We first noticed issues when we got a lot of MaxDepthExceeded exceptions in our runtime logs. My understanding of this code is that I have a large number of events that are all chained together (via the event.follows table column), and all of them are processed together using recursion, and the recursion depth of 20 will not handle more than 20 events.

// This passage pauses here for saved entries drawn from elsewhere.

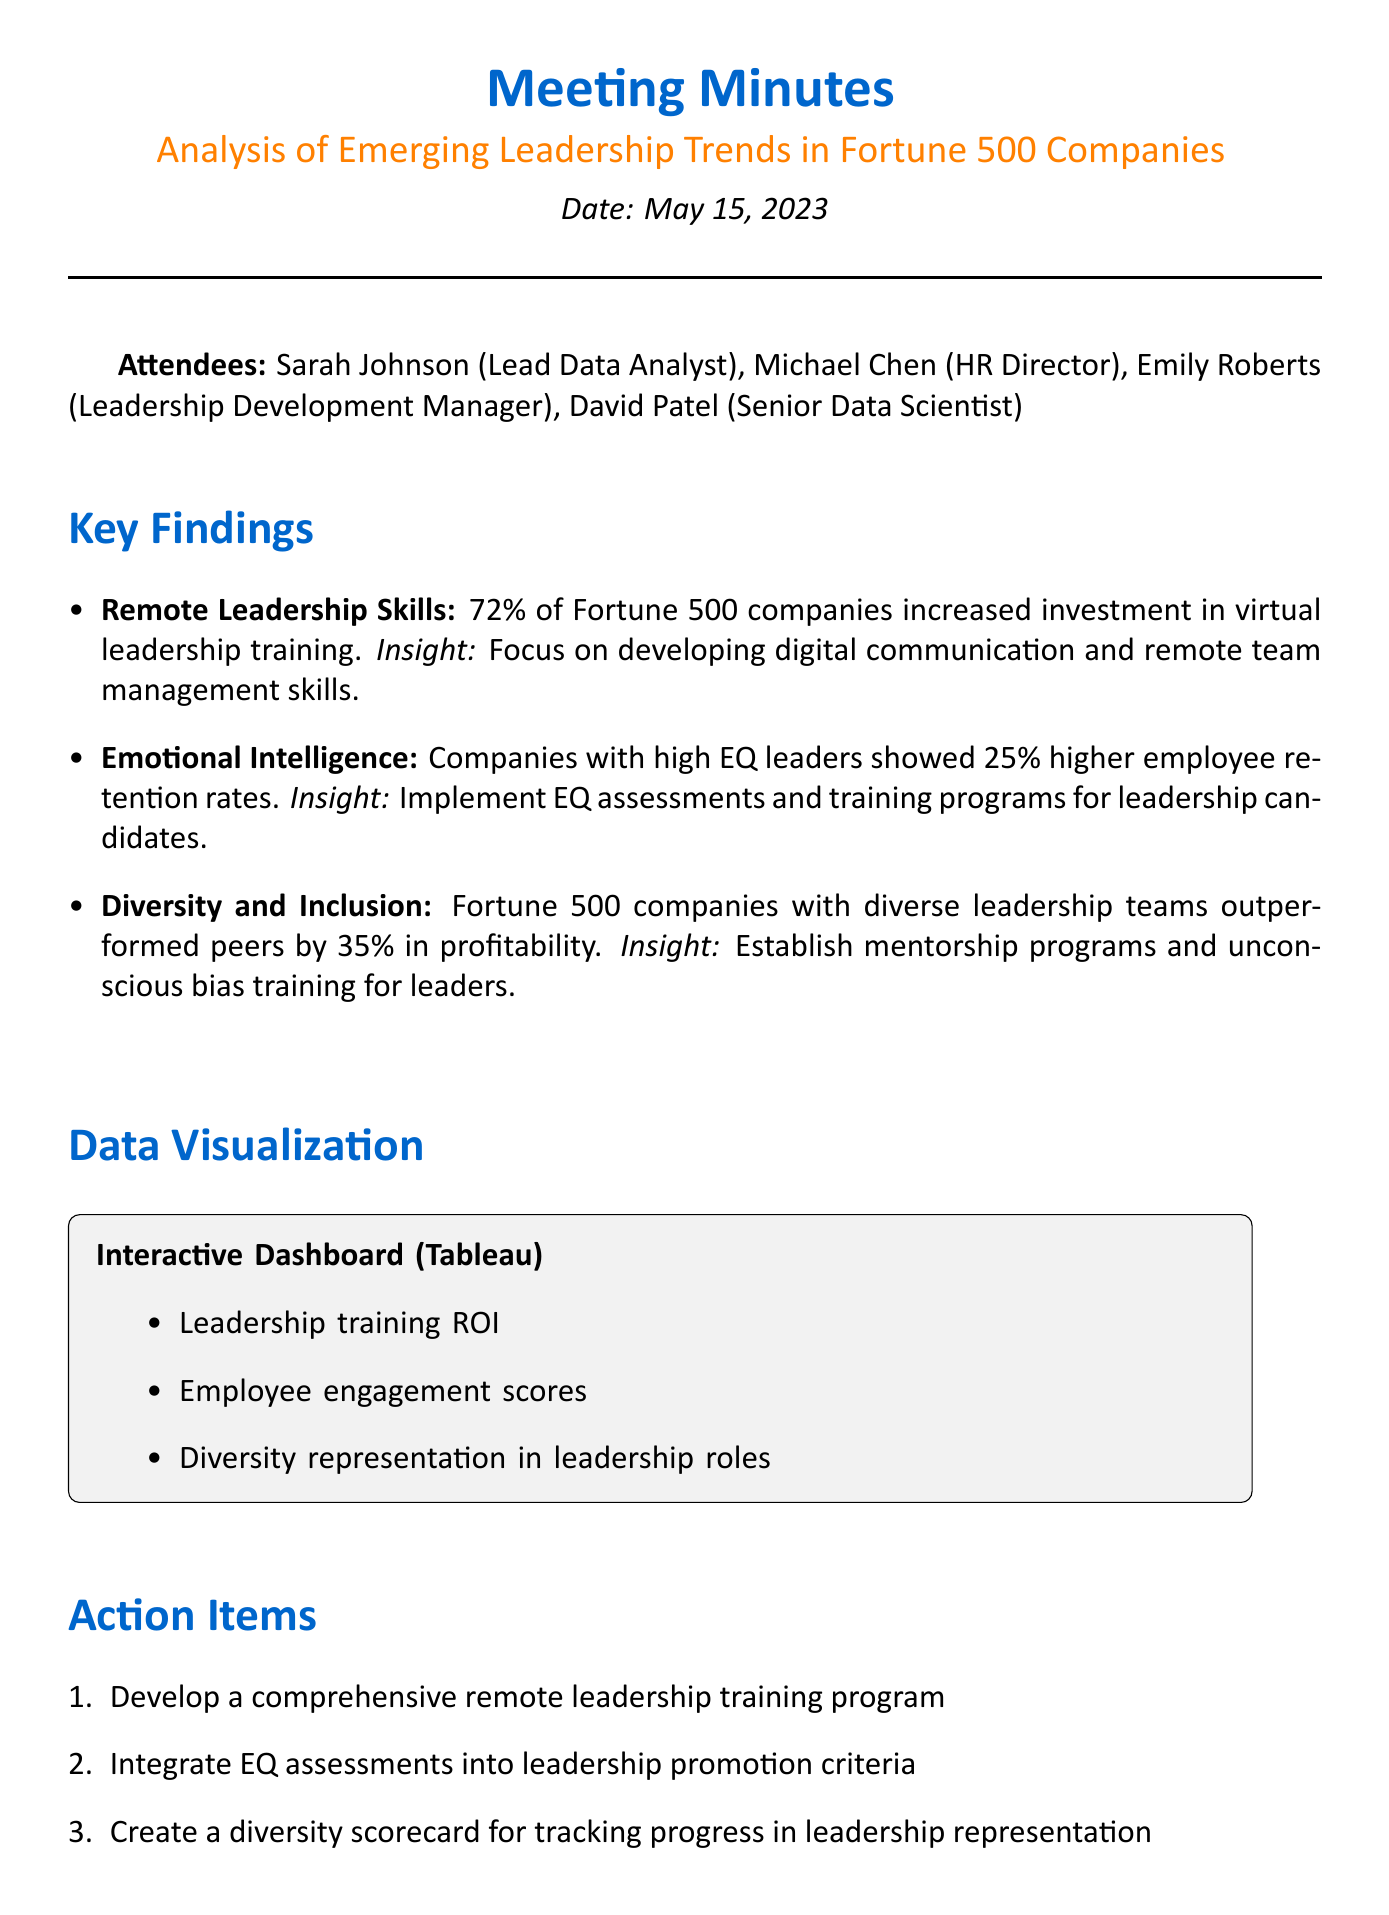What is the date of the meeting? The date of the meeting is mentioned at the top of the document as May 15, 2023.
Answer: May 15, 2023 Who is the HR Director? The attendees list includes Michael Chen, who is the HR Director.
Answer: Michael Chen What percentage of companies increased investment in virtual leadership training? The key finding states that 72% of Fortune 500 companies increased investment in virtual leadership training.
Answer: 72% What is the insight associated with Emotional Intelligence? The document indicates the insight regarding Emotional Intelligence is to implement EQ assessments and training programs for leadership candidates.
Answer: Implement EQ assessments and training programs for leadership candidates Which tool is used for data visualization? The data visualization section specifies that Tableau is the tool used for the interactive dashboard.
Answer: Tableau What is one action item listed in the meeting minutes? The action items include developing a comprehensive remote leadership training program, among others.
Answer: Develop a comprehensive remote leadership training program What is the relationship between diverse leadership teams and profitability? The key finding states that Fortune 500 companies with diverse leadership teams outperformed peers by 35% in profitability.
Answer: 35% What is scheduled for the next steps concerning leadership trends? The next steps include scheduling a quarterly review of leadership trends and their impact on company performance.
Answer: Schedule quarterly review of leadership trends and their impact on company performance

stack trace ``` 18:23:16.905 | ERROR | prefect.server.events.ordering - Event 'prefect.flow-run.Cancelling' (d0c112b8-8f01-47fc-ac78-e65f4b1ff926) for 'prefect.flow-run.01afb912-3057-43d4-9200-0225e8d40198' has exceeded the maximum recursion depth of 20 NoneType: None 18:23:16.906 | ERROR | prefect.server.events.triggers - Error running periodic evaluation Traceback (most recent call last): File "/usr/local/lib/python3.12/site-packages/prefect/server/events/triggers.py", line 619, in evaluate_periodically await periodic_evaluation(pendulum.now("UTC")) File "/usr/local/lib/python3.12/site-packages/prefect/server/events/triggers.py", line 601, in periodic_evaluation await reactive_evaluation(event) File "/usr/local/lib/python3.12/site-packages/prefect/server/events/triggers.py", line 483, in reactive_evaluation async with AsyncExitStack() as stack: File "/usr/local/lib/python3.12/contextlib.py", line 754, in __aexit__ raise exc_details[1] File "/usr/local/lib/python3.12/contextlib.py", line 737, in __aexit__ cb_suppress = await cb(*exc_details) ^^^^^^^^^^^^^^^^^^^^^^ File "/usr/local/lib/python3.12/contextlib.py", line 217, in __aexit__ await anext(self.gen) ...repeated several times File "/usr/local/lib/python3.12/site-packages/prefect/server/events/ordering.py", line 201, in preceding_event_confirmed await handler(waiter, depth + 1) File "/usr/local/lib/python3.12/site-packages/prefect/server/events/triggers.py", line 485, in reactive_evaluation await stack.enter_async_context( File "/usr/local/lib/python3.12/contextlib.py", line 659, in enter_async_context result = await _enter(cm) ^^^^^^^^^^^^^^^^ File "/usr/local/lib/python3.12/contextlib.py", line 210, in __aenter__ return await anext(self.gen) ^^^^^^^^^^^^^^^^^^^^^ ... File "/usr/local/lib/python3.12/site-packages/prefect/server/events/ordering.py", line 176, in preceding_event_confirmed raise MaxDepthExceeded(event) prefect.server.events.ordering.MaxDepthExceeded: occurred=DateTime(2024, 9, 18, 18, 13, 35, 114994, tzinfo=Timezone('UTC')) event='prefect.flow-run.Cancelling' resource=Resource(root={'prefect.state-name': 'Cancelling', 'prefect.state-type': 'CANCELLING' ```

From there, I checked the database and noticed that one of my child flow deployments had over 191,000 state transition events on it. It's been broken for about 6 days and spewing out event table rows non-stop. (See row count on top left corner of screenshot.)

image

Ironically, the huge number of rows in this table is likely what caused the issue to be more easily reproducible, as I suspect that the race condition to be more pronounced when database queries are slow.

Possibly related

jameswu1991 commented 2 months ago

After some additional testing, I realized that my API server (in docker) was still on 3.0.0rc16. After upgrading to 3.0.2, the issue was no longer reproducible. After checking the patch notes, I think the most likely candidate for this is https://github.com/PrefectHQ/prefect/pull/15286 , which significantly reduced the amount of time it took to run the read query. This likely reduced the time gap between between reading as CANCELLING and writing as CANCELLING, and drastically reduced the probability for the race condition.

I still believe it's valuable to prevent the unnecessary state transition from CANCELLING to CANCELLING in cancellation_cleanup.py, to minimize unnecessary rows from accumulating in the event table.